YOUR OBJECTIVE —
Among the lines below, restate word for word only those from the line with "This view is 51.8° wide." through the line with "Method: estimate 3D box.", with both end lines kept.

[Recorded data]

§

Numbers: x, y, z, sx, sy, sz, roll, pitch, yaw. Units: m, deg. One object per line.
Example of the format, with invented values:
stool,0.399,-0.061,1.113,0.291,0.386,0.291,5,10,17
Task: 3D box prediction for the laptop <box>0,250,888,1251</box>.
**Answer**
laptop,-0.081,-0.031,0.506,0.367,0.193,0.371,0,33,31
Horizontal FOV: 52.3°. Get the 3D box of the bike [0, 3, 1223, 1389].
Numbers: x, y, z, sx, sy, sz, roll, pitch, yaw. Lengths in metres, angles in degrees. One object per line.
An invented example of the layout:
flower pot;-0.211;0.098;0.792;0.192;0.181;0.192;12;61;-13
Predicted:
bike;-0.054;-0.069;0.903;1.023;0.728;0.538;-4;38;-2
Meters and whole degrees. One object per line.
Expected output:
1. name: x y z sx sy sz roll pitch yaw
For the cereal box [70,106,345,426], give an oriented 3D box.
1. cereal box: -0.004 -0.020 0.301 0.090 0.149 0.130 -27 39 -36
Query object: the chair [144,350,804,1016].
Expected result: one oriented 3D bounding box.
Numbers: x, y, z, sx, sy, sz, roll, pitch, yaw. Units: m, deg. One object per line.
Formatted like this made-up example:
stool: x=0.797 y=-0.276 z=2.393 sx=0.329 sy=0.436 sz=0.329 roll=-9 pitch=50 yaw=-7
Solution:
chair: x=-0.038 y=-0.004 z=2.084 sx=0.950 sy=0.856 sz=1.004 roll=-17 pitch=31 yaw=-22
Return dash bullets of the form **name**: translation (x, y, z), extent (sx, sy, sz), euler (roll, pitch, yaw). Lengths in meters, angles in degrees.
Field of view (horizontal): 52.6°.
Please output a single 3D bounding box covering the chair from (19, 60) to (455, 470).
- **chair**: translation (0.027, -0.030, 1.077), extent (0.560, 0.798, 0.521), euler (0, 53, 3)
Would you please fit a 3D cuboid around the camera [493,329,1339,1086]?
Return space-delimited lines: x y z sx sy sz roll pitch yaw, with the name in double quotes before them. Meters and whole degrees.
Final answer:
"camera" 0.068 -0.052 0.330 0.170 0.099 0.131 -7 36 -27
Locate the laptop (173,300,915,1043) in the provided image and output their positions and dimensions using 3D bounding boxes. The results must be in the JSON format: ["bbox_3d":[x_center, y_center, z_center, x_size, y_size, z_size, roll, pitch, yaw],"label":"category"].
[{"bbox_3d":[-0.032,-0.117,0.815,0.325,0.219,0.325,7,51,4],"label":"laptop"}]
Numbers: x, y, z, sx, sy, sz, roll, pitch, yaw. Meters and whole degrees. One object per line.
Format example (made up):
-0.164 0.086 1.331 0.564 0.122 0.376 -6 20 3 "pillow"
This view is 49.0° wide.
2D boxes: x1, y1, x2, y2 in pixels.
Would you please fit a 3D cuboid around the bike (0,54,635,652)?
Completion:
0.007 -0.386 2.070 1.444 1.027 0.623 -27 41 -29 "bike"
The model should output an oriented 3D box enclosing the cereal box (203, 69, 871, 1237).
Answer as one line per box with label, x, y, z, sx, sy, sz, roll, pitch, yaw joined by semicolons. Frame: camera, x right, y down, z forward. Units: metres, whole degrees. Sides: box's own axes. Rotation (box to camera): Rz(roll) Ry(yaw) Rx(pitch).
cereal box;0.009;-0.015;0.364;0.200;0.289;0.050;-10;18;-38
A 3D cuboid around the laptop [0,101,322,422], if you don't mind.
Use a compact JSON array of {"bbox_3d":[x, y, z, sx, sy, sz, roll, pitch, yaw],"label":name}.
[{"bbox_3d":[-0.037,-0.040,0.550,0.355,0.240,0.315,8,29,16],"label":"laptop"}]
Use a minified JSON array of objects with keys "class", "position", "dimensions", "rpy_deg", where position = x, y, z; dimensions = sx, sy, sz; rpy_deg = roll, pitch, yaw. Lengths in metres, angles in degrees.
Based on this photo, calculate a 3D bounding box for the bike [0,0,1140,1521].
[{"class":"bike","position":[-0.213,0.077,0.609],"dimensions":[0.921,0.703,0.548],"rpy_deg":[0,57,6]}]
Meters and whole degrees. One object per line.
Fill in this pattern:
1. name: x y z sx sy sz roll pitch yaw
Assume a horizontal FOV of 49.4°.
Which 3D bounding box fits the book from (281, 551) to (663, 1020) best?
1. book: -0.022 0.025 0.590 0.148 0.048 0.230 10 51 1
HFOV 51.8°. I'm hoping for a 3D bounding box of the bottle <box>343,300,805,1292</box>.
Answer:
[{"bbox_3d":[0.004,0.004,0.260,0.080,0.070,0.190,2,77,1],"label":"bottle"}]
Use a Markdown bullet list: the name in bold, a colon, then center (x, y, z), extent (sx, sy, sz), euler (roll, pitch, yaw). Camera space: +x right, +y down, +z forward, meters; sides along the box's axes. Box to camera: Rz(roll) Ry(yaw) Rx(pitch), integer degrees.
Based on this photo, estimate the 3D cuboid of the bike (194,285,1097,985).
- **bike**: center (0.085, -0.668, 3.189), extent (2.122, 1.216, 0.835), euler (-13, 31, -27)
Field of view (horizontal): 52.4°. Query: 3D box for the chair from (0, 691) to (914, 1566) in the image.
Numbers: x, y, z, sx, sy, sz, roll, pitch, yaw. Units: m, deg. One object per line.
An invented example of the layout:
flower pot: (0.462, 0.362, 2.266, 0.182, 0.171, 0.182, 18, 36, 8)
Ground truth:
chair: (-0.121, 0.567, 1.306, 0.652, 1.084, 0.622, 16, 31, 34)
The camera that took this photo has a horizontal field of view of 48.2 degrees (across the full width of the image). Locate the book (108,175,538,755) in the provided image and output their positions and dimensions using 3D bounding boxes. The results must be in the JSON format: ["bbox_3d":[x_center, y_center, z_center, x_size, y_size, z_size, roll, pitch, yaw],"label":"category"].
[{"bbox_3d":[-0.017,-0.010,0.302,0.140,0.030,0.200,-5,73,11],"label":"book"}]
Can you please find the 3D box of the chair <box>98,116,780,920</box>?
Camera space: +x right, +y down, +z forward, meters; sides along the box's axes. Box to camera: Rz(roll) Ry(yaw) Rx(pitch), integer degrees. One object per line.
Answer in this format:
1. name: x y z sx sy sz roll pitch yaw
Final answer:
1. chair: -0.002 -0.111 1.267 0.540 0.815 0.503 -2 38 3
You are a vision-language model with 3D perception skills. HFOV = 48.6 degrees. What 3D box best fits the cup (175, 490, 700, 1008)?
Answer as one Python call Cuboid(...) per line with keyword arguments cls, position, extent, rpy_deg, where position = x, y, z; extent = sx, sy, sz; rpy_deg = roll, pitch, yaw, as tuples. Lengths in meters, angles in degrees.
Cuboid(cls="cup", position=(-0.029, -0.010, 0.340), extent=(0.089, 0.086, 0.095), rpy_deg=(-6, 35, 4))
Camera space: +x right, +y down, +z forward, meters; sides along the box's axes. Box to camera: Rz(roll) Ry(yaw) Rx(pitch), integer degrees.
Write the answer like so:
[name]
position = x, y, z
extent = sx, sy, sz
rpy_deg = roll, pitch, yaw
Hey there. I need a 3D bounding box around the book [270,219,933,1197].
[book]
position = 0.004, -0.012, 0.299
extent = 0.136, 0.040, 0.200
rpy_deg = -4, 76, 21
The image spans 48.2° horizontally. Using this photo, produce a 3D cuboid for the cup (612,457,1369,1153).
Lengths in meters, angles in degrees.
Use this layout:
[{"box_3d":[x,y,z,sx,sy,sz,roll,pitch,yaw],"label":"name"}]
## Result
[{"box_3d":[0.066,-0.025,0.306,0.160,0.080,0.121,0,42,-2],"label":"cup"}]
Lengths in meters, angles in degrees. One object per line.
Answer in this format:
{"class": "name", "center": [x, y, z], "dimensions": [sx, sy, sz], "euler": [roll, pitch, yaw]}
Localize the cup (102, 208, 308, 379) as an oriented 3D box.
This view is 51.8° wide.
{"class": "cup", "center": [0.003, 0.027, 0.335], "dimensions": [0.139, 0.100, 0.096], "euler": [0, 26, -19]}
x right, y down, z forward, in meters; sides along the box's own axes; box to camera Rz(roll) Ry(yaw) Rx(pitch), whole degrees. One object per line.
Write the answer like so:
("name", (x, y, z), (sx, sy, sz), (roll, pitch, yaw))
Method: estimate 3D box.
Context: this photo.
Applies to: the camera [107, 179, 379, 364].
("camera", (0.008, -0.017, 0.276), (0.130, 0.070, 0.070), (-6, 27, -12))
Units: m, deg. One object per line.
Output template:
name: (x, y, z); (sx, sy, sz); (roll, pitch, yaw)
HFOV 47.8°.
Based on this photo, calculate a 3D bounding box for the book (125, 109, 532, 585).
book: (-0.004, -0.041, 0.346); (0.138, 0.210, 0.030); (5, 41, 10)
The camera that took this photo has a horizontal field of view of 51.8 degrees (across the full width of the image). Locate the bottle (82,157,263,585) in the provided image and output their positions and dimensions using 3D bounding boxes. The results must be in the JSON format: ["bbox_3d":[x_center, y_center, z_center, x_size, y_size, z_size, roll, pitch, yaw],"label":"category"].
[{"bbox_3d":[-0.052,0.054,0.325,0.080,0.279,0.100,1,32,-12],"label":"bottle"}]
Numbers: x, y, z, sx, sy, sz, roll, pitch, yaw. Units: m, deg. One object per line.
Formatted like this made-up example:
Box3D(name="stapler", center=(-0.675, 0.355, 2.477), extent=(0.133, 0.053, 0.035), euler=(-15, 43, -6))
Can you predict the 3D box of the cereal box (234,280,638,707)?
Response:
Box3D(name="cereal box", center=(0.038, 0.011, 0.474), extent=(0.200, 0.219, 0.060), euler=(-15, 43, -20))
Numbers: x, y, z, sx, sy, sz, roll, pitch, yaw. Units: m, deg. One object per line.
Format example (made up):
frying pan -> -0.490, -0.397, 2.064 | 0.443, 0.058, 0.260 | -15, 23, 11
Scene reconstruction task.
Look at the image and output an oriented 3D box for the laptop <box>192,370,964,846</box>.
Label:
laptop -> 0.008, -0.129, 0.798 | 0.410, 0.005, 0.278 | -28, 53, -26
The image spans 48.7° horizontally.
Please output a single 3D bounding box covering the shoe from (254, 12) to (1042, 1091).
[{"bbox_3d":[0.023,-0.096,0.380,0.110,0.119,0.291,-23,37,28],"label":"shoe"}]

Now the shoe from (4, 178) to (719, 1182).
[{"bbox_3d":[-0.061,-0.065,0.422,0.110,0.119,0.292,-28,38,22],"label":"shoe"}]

§

RESULT OF THE TASK —
This view is 51.8° wide.
{"class": "cup", "center": [0.003, 0.027, 0.335], "dimensions": [0.139, 0.100, 0.096], "euler": [0, 26, -19]}
x right, y down, z forward, in meters; sides along the box's own axes; box to camera Rz(roll) Ry(yaw) Rx(pitch), whole degrees. One object per line.
Write the answer like so:
("name", (x, y, z), (sx, sy, sz), (roll, pitch, yaw))
Method: estimate 3D box.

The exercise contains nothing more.